WASHINGTON (Reuters) — The U.S. Transportation Security Administration (TSA) said it screened more than 1 million airline passengers on Sunday for the first time since mid-March.
The number, 1.03 million, is still about 60% lower than the same day last year, but is a dramatic rise from the collapse in air travel demand caused by the coronavirus pandemic. Screening fell to as little as 87,000 in a single day in April.
The previous high was 1.26 million screened on March 16.
U.S. airlines are collectively burning more than $5 billion in cash a month and have failed to date to convince Congress to approve a new $25 billion bailout that would have kept more than 32,000 workers on the payroll for another six months.
Staff for the top Democrats and Republicans on the House and Senate committees overseeing airlines have been working to try to reach an agreement on a potential standalone airline bill, but the airlines are not optimistic any bill will be approved before the Nov. 3 presidential election.

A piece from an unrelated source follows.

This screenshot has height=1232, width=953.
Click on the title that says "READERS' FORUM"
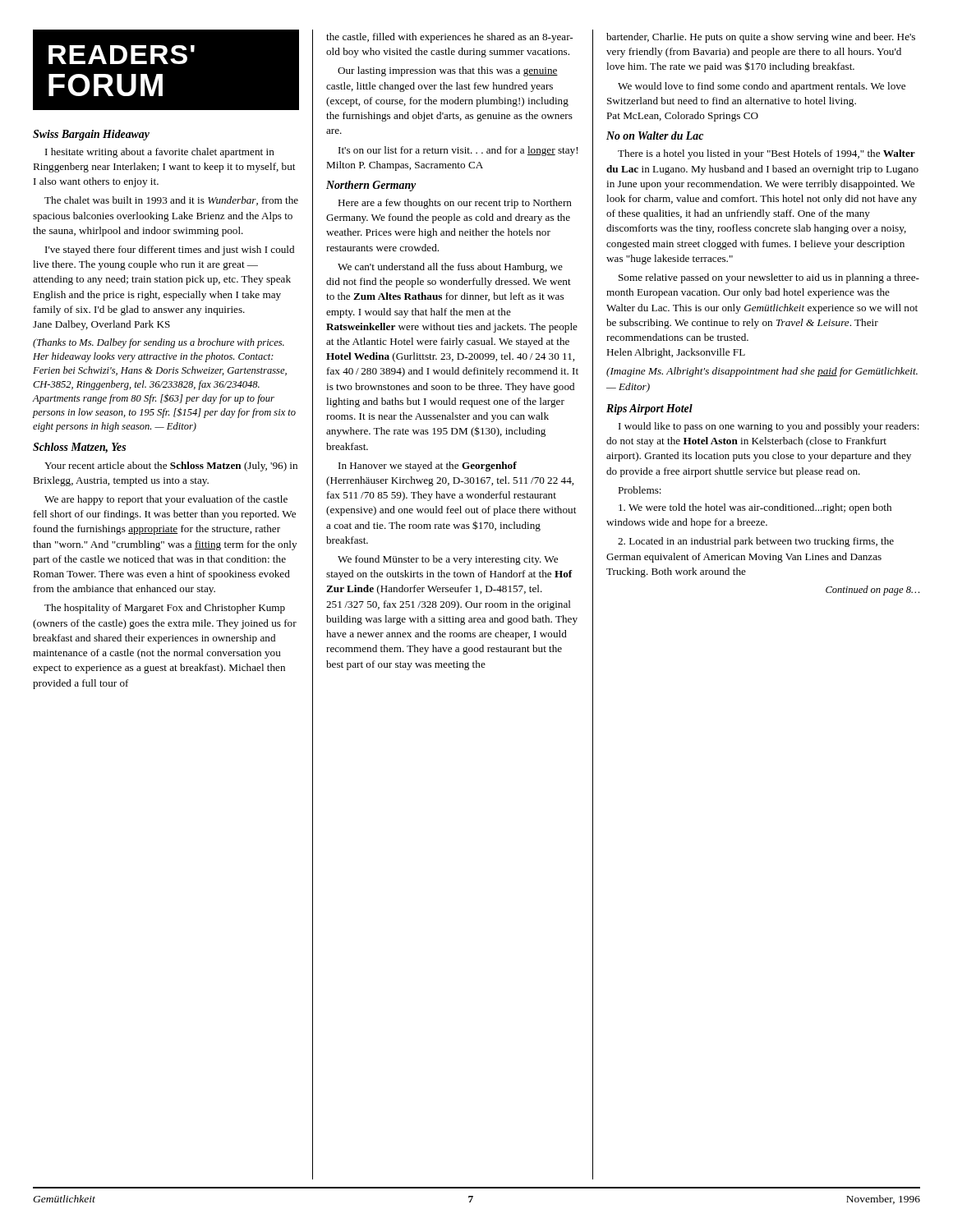pyautogui.click(x=166, y=70)

A previous airline payroll support program expired on Sept. 30. At some point, airlines may shift messaging to seeking new government funds to bring workers back.
Airlines for America, a trade group representing American Airlines, United, Delta Air Lines and others have said passenger volumes are down about 64%, including 62% domestically and 79% internationally.
U.S. airlines are operating 48% fewer flights than a year ago and still have nearly one-third of their fleet idled, the group added.
The TSA statement on Monday also said it is adopting new measures to make security screening safer, including installing credential authentication devices at some checkpoints enabling passengers to insert IDs directly into a card reader.
New CT scanners at some checkpoints also often allow officers to check items without having to open a carry-on bag.